Il tema del laboratorio incrocia un argomento caro (e contrastato) tra i gelatieri, e cioè quello della “freschezza” del gelato. C’è chi sostiene che il gelato artigianale debba essere prodotto e consumato in giornata; altri invece sono dell’idea che il gelato artigianale possa essere adeguatamente abbattuto a – 18°C al cuore, per essere trasportato e conservato senza problemi esprimendo ancora al meglio le proprie qualità. La prima corrente di pensiero avrà qualche difficoltà in più a gestire un secondo punto vendita con lo stesso laboratorio: il trasporto da un punto vendita all’altro può diventare un elemento critico, e va quindi organizzato con cura. L’alternativa è la replicazione totale del primo punto vendita, laboratorio incluso. Questo però comporta investimenti più pesanti, che alzerebbero il break even point  (punto di pareggio); inoltre ci sarà bisogno nel secondo laboratorio di personale adeguatamente preparato, allo stesso livello di quello presente nel primo; in ultima, difficilmente il gelato prodotto nei due laboratori sarà identico per via delle variabili di processo, anche se ricette ed ingredienti sono gli stessi.

 

7 – Risorse finanziarie

 

L’apertura del secondo punto vendita non può prescindere dalle valutazioni finanziarie: con quali capitali finanziarlo, e come sarà più opportuno procedere.

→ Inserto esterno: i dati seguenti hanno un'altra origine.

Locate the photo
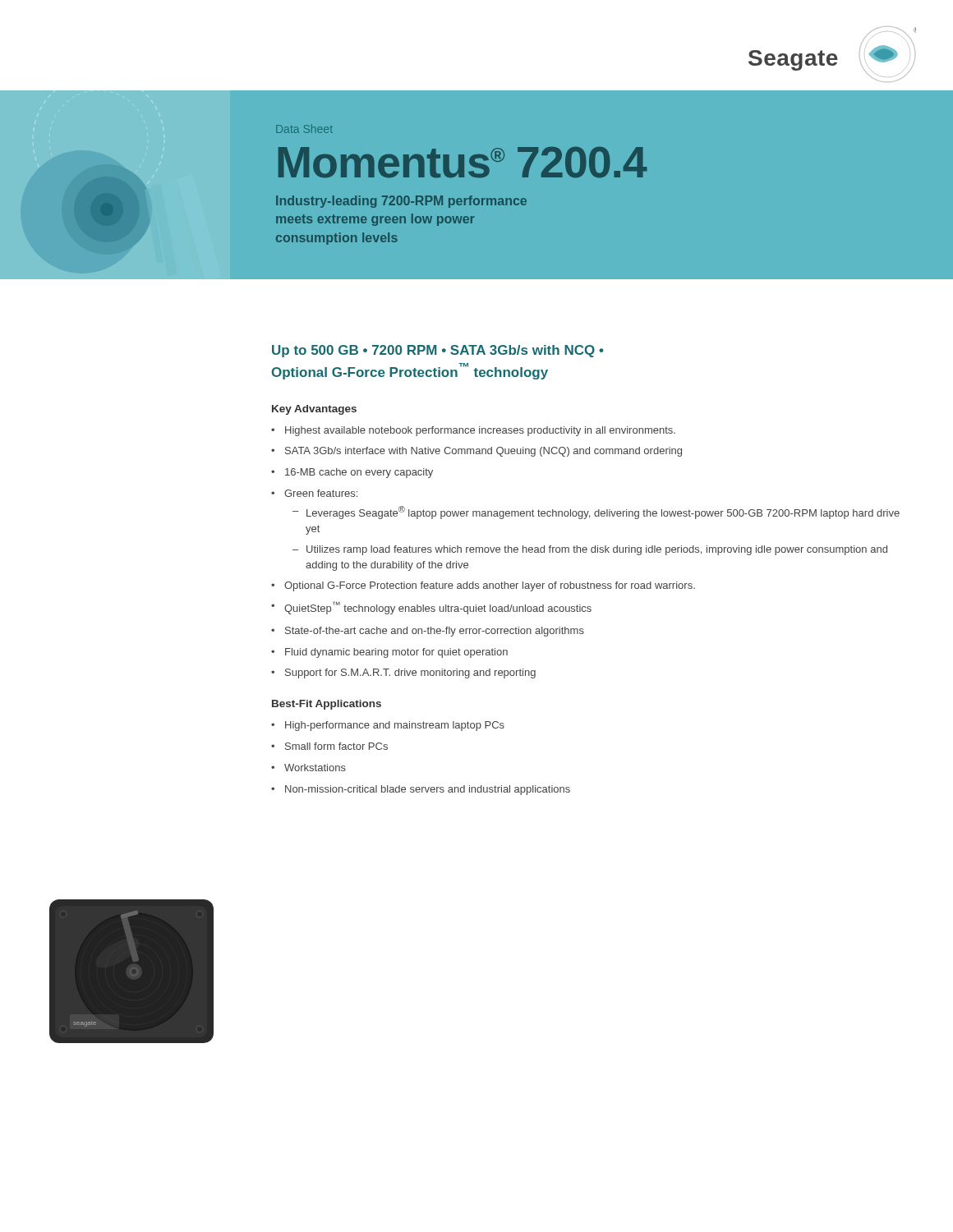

Una buona cosa è mantenere un sano equilibrio nel rapporto tra capitale proprio e leva finanziaria (capitale di credito). Il consiglio è di non superare il 70% di capitale di credito nell’operazione.

L’accesso al credito sarà più facile se il primo punto vendita è in equilibrio economico e finanziario: maggiori possibilità di ottenere capitale di credito per finanziare la nuova iniziativa imprenditoriale. Per questo è però anche necessario che l’apertura del secondo punto vendita nasca dopo un’attenta, consapevole e corretta analisi. Su questo argomento è importante elaborare un Business Plan e svilupparlo su una proiezione di almeno 5 anni: la cosa è necessaria agli istituti di credito cui si richiede il capitale a leva per valutare la bontà dell’idea imprenditoriale.

Conclusioni

Al di là di queste valutazioni preliminari, non va dimenticato che aprire un secondo punto vendita richiede il rispetto del posizionamento strategico realizzato con il primo (chi non avesse ancora confidenza con questo termine troverà interessanti i nostri articoli su posizionamento e ri-posizionamento strategico e su posizionamento strategico e ri-posizionamento applicati alle gelaterie ) e quindi che tutto il lavoro di definizione del posizionamento va rifatto per il secondo punto vendita, analizzando le condizioni che lo caratterizzano. Solo dopo un’analisi completa è possibile determinare tutte le caratteristiche del secondo punto vendita: l’immagine generale, l’esperienza da far vivere al consumatore, il livello dei prezzi, la comunicazione e la promozione, la formazione del personale di contatto con la clientela.

Come si può vedere, la decisione di aprire un secondo punto vendita è complessa ed articolata, e richiede competenze multidisciplinari per essere presa in modo adeguato. Un’avventura che non vada a buon fine con la seconda apertura può compromettere i buoni risultati ottenuti dalla prima gelateria.